• _Data supplied_
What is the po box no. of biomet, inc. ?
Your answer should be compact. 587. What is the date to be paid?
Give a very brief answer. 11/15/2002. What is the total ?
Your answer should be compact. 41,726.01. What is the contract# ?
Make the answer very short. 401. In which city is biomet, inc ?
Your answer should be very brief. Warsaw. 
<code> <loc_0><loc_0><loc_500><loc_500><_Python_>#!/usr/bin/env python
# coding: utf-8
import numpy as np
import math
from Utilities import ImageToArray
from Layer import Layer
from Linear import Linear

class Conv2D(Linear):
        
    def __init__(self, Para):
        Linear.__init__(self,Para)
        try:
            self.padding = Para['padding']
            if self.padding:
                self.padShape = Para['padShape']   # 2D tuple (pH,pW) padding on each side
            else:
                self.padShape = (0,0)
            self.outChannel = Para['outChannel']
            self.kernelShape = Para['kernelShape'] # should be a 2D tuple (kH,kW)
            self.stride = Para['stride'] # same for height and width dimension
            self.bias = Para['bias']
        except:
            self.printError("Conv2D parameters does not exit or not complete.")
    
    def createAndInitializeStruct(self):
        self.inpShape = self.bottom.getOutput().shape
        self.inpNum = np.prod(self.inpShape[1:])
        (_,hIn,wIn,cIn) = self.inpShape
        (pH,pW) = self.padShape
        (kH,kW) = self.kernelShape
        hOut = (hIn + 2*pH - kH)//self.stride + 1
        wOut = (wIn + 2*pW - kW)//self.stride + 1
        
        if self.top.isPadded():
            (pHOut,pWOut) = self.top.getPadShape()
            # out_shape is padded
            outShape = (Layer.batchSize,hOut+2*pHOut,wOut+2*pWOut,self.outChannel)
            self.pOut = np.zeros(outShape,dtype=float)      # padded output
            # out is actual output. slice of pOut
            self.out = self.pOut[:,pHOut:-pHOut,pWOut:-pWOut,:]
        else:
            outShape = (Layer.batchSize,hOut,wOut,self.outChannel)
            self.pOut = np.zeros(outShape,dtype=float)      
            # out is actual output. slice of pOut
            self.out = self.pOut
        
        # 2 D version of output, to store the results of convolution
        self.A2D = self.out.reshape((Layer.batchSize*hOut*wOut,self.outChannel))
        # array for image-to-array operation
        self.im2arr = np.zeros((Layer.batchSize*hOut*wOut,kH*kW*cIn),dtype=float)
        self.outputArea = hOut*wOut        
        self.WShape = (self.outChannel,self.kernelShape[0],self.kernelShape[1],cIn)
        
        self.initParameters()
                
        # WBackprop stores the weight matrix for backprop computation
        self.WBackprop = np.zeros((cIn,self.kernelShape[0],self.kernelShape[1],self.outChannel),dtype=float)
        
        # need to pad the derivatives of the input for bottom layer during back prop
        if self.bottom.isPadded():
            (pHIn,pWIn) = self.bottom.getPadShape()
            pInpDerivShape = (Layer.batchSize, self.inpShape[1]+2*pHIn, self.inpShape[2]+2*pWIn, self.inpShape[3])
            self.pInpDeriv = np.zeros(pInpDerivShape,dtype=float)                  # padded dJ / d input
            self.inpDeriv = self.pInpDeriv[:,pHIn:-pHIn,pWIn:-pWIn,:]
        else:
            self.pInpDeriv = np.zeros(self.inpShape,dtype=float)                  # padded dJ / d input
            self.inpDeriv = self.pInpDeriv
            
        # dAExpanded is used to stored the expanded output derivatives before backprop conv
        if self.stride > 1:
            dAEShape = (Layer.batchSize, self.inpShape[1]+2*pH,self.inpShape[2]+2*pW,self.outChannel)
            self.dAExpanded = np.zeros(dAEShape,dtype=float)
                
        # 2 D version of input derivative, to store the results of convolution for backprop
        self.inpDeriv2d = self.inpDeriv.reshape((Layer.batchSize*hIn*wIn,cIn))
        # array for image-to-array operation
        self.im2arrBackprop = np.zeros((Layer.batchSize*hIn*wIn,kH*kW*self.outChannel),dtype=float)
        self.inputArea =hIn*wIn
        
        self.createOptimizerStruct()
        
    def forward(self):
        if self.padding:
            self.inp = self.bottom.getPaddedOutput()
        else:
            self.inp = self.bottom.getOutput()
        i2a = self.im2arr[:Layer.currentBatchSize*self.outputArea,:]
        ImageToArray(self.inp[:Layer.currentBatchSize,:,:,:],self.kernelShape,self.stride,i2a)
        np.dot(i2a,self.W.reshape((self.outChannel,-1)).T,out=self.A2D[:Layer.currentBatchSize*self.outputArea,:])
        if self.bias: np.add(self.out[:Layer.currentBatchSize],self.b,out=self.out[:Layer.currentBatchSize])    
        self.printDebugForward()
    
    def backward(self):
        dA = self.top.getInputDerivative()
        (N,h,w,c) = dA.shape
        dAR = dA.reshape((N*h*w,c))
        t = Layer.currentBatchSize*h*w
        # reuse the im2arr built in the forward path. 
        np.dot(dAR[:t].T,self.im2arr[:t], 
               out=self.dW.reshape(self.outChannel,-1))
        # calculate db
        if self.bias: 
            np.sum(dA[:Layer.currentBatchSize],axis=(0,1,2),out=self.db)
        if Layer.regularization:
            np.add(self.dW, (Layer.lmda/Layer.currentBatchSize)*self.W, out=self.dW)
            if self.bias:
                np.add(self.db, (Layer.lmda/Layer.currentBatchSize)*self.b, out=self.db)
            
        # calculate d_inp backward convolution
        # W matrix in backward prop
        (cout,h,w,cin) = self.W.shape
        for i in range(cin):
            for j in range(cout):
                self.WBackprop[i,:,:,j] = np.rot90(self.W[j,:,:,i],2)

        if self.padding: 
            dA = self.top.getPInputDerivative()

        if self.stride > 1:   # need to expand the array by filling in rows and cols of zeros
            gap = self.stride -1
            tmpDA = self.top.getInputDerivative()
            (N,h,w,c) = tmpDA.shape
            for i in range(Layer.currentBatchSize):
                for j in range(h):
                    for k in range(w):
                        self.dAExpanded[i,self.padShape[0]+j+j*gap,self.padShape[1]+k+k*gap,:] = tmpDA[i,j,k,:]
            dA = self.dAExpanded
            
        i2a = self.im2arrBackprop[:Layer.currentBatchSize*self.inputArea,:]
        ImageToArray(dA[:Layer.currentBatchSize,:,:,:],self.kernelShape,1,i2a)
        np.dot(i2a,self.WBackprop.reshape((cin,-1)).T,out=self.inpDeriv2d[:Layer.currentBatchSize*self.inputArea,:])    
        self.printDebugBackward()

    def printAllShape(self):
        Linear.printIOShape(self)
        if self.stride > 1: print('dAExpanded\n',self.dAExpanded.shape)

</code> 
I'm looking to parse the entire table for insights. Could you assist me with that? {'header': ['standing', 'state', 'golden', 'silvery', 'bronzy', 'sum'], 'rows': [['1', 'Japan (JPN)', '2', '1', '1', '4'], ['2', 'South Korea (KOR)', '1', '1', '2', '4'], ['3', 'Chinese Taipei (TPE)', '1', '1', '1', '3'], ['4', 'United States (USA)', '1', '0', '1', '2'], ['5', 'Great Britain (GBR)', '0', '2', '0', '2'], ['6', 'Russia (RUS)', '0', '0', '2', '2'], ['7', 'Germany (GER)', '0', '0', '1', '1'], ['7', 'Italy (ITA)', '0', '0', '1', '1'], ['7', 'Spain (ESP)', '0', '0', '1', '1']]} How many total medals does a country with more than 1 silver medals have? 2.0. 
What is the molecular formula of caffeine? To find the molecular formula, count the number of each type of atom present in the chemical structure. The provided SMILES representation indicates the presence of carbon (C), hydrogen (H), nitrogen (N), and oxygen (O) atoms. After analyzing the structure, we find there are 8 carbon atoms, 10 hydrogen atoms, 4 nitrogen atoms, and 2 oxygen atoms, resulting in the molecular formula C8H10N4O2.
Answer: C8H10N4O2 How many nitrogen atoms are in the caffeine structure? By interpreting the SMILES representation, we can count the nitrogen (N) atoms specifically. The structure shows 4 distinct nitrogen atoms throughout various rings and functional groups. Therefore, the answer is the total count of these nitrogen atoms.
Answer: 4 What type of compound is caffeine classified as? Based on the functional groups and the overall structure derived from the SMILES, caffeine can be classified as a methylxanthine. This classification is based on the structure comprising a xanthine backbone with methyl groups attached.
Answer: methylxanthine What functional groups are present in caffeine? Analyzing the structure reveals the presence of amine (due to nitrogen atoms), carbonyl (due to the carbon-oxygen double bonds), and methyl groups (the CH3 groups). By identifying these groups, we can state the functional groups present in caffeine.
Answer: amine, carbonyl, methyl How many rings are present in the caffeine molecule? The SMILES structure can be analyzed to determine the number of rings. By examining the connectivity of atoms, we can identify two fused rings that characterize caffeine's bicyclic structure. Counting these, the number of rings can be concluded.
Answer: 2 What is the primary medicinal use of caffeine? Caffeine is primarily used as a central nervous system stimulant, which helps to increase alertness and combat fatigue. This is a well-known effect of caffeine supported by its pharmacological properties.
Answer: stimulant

• _Exercise requirements_
Every line in the data above that includes the word "zeros" should be copied.

• _The answer_
            self.pOut = np.zeros(outShape,dtype=float)      # padded output
            self.pOut = np.zeros(outShape,dtype=float)      
        self.im2arr = np.zeros((Layer.batchSize*hOut*wOut,kH*kW*cIn),dtype=float)
        self.WBackprop = np.zeros((cIn,self.kernelShape[0],self.kernelShape[1],self.outChannel),dtype=float)
            self.pInpDeriv = np.zeros(pInpDerivShape,dtype=float)                  # padded dJ / d input
            self.pInpDeriv = np.zeros(self.inpShape,dtype=float)                  # padded dJ / d input
            self.dAExpanded = np.zeros(dAEShape,dtype=float)
        self.im2arrBackprop = np.zeros((Layer.batchSize*hIn*wIn,kH*kW*self.outChannel),dtype=float)
        if self.stride > 1:   # need to expand the array by filling in rows and cols of zeros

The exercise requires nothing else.